*** Opening of Dataset records ***

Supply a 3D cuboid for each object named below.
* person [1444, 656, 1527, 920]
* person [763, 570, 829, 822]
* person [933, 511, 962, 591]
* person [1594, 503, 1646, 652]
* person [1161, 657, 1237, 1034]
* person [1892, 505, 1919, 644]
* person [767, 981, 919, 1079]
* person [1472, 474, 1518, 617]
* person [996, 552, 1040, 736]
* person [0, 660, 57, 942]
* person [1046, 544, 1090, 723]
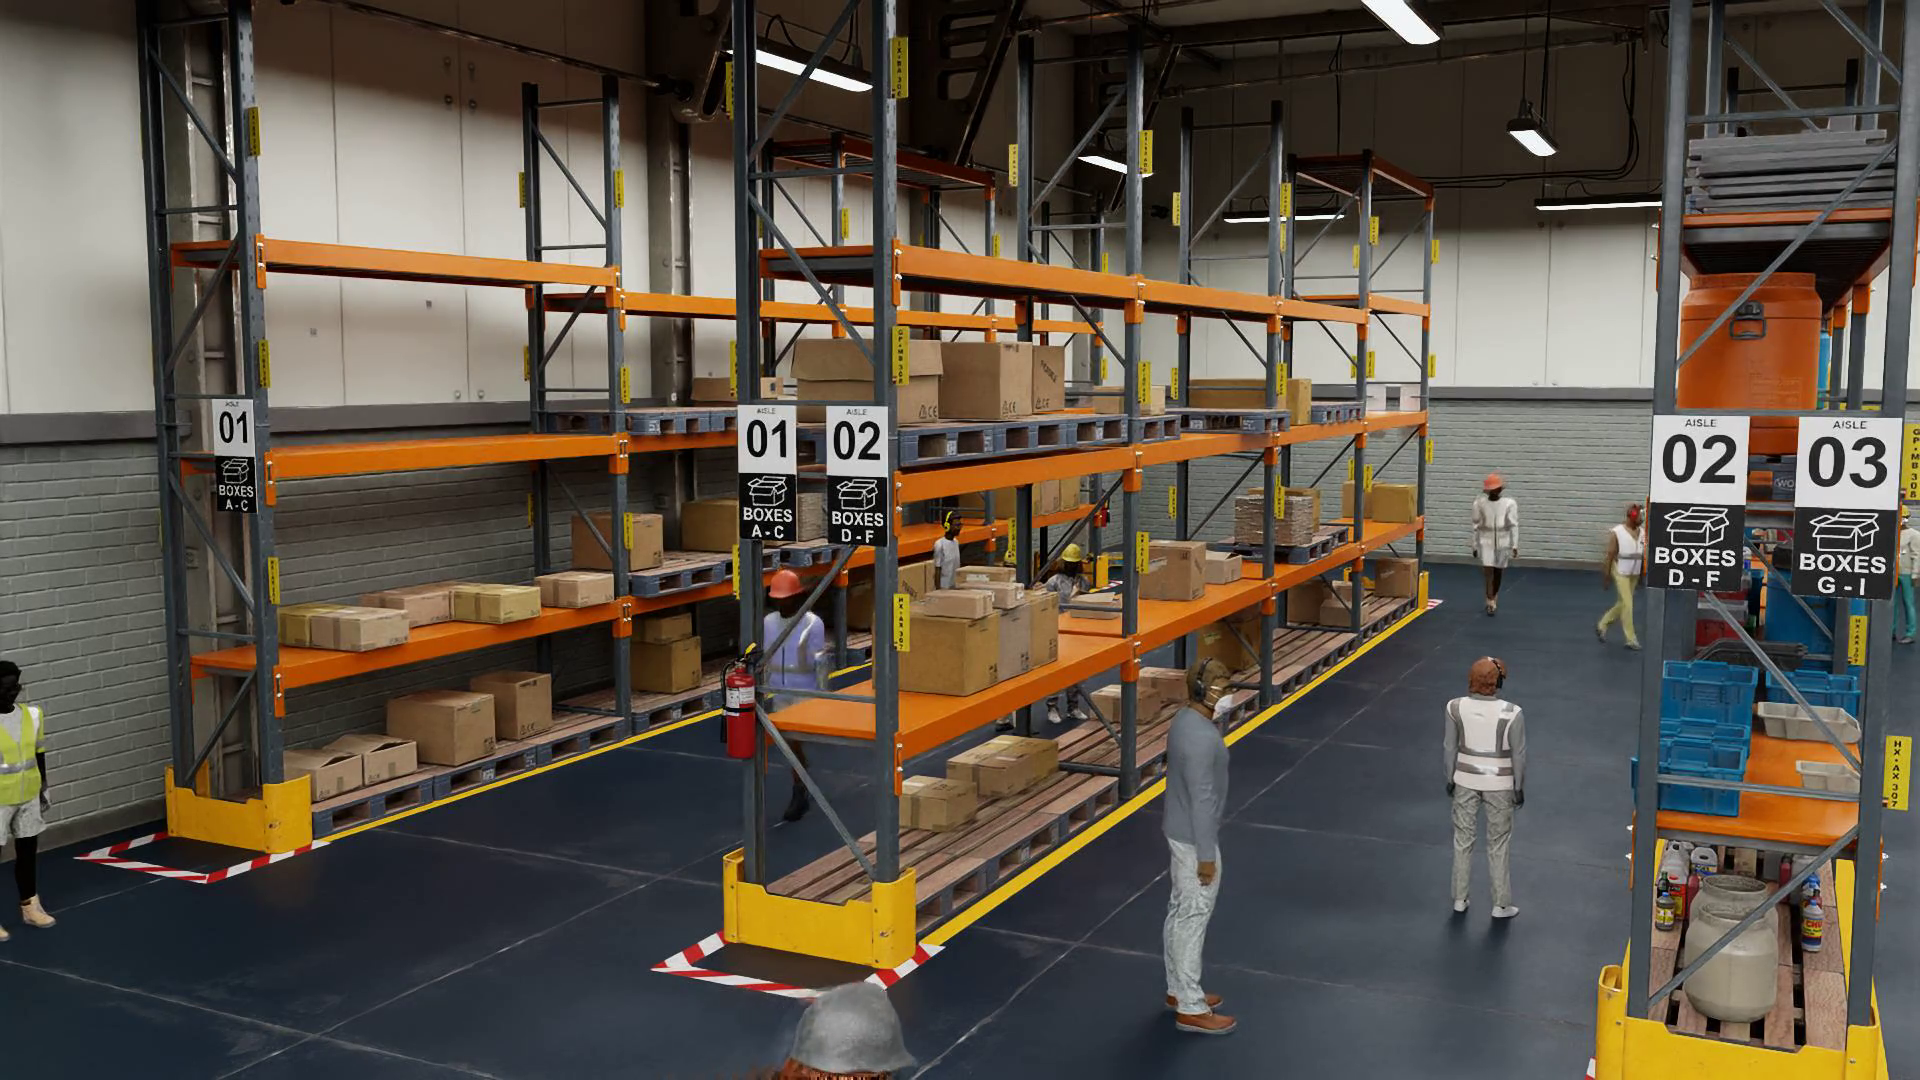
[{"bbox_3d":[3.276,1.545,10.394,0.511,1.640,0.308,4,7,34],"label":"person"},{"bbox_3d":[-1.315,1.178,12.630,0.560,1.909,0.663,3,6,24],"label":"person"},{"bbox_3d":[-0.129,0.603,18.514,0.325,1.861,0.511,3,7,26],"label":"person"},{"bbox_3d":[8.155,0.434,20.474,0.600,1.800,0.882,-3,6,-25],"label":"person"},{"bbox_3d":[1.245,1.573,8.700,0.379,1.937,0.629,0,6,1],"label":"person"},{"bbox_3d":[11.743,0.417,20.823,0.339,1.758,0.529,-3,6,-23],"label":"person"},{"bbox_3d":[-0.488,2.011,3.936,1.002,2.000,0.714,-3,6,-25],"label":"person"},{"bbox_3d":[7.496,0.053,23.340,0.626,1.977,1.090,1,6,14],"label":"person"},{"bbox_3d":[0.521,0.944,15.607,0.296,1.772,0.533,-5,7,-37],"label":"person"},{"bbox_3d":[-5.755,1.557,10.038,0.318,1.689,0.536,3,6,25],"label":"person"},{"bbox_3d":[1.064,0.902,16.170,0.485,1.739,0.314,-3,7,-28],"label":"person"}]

*** Close of Dataset records ***

Work required: In your copy, exclude the pictures and repeat each entry above exactly.

Response:
Supply a 3D cuboid for each object named below.
* person [1444, 656, 1527, 920]
* person [763, 570, 829, 822]
* person [933, 511, 962, 591]
* person [1594, 503, 1646, 652]
* person [1161, 657, 1237, 1034]
* person [1892, 505, 1919, 644]
* person [767, 981, 919, 1079]
* person [1472, 474, 1518, 617]
* person [996, 552, 1040, 736]
* person [0, 660, 57, 942]
* person [1046, 544, 1090, 723]
[{"bbox_3d":[3.276,1.545,10.394,0.511,1.640,0.308,4,7,34],"label":"person"},{"bbox_3d":[-1.315,1.178,12.630,0.560,1.909,0.663,3,6,24],"label":"person"},{"bbox_3d":[-0.129,0.603,18.514,0.325,1.861,0.511,3,7,26],"label":"person"},{"bbox_3d":[8.155,0.434,20.474,0.600,1.800,0.882,-3,6,-25],"label":"person"},{"bbox_3d":[1.245,1.573,8.700,0.379,1.937,0.629,0,6,1],"label":"person"},{"bbox_3d":[11.743,0.417,20.823,0.339,1.758,0.529,-3,6,-23],"label":"person"},{"bbox_3d":[-0.488,2.011,3.936,1.002,2.000,0.714,-3,6,-25],"label":"person"},{"bbox_3d":[7.496,0.053,23.340,0.626,1.977,1.090,1,6,14],"label":"person"},{"bbox_3d":[0.521,0.944,15.607,0.296,1.772,0.533,-5,7,-37],"label":"person"},{"bbox_3d":[-5.755,1.557,10.038,0.318,1.689,0.536,3,6,25],"label":"person"},{"bbox_3d":[1.064,0.902,16.170,0.485,1.739,0.314,-3,7,-28],"label":"person"}]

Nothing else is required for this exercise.